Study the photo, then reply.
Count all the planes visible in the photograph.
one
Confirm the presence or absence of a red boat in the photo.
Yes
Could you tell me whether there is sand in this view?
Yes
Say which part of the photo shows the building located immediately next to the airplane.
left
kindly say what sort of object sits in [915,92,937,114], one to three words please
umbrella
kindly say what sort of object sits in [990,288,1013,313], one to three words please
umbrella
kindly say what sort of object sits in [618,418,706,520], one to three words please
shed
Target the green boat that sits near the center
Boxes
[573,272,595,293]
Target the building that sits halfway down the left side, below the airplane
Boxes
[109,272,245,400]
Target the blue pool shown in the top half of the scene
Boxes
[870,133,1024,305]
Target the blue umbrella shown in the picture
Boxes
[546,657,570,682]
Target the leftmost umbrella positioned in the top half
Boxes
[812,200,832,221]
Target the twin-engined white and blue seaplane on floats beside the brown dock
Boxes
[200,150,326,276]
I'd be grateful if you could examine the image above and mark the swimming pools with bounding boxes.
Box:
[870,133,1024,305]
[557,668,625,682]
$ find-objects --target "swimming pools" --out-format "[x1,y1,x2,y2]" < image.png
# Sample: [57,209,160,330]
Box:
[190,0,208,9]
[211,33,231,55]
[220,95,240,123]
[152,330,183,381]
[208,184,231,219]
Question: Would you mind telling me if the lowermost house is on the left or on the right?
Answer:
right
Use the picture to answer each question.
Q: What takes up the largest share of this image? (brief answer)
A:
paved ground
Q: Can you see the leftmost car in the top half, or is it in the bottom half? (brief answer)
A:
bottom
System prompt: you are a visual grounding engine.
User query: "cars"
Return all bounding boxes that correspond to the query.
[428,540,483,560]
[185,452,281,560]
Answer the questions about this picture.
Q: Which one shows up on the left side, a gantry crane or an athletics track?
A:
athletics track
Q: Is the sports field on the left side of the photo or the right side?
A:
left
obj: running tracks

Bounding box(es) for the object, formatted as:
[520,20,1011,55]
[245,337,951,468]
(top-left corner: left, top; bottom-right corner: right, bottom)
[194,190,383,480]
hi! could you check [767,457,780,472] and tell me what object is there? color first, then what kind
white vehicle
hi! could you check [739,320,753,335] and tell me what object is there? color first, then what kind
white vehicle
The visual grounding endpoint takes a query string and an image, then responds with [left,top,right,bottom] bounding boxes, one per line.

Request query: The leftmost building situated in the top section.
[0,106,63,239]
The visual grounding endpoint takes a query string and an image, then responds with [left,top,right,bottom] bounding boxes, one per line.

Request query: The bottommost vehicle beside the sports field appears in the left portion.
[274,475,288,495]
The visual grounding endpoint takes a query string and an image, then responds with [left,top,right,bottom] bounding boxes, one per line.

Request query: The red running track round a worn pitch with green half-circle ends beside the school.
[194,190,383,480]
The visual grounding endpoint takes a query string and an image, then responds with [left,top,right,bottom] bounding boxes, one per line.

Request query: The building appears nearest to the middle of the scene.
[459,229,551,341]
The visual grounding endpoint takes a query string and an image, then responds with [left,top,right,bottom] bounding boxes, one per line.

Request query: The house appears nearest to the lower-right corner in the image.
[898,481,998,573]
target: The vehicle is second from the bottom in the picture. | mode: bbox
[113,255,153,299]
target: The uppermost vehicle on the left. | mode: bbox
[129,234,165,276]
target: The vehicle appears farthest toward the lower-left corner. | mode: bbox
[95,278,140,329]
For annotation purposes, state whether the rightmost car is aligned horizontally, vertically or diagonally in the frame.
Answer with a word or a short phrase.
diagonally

----

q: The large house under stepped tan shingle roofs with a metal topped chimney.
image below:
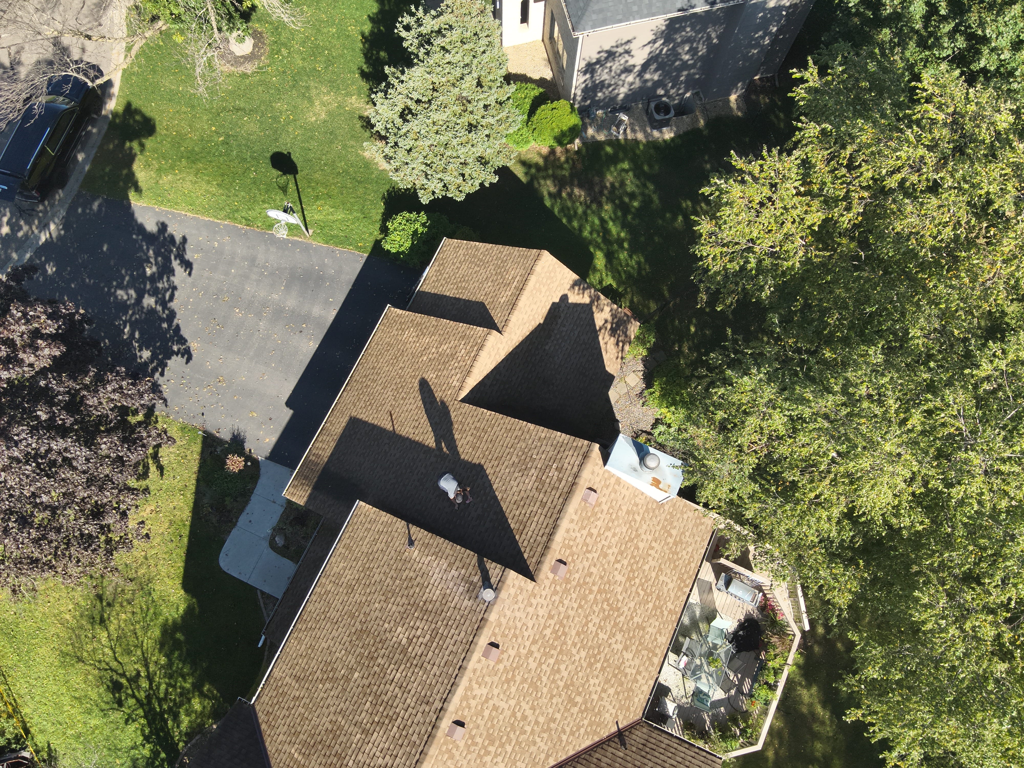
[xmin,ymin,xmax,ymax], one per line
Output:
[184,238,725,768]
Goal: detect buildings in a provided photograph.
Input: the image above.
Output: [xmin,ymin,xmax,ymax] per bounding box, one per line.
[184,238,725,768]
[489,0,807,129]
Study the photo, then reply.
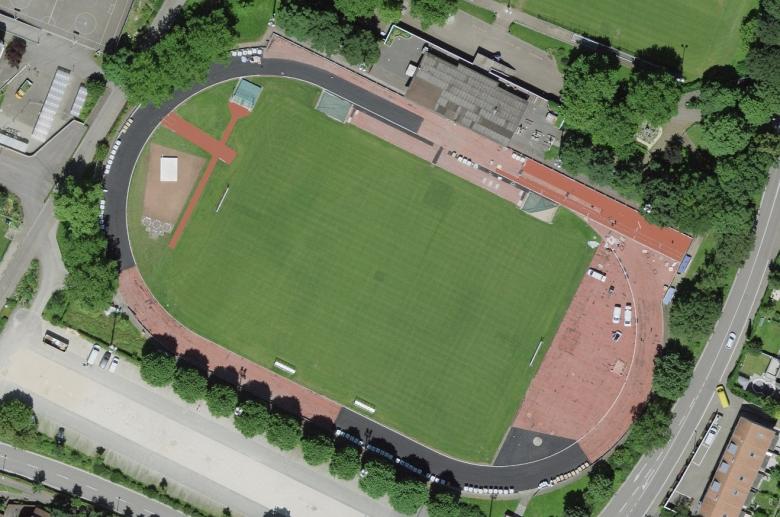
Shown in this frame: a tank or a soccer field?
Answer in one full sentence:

----

What lines of the material above contain "swimming"? Return each of them.

I'd be grateful if you could examine the image above and mark the swimming pools with bounding boxes.
$ find-objects --target "swimming pools" --out-format "[x1,y1,x2,y2]" < image.png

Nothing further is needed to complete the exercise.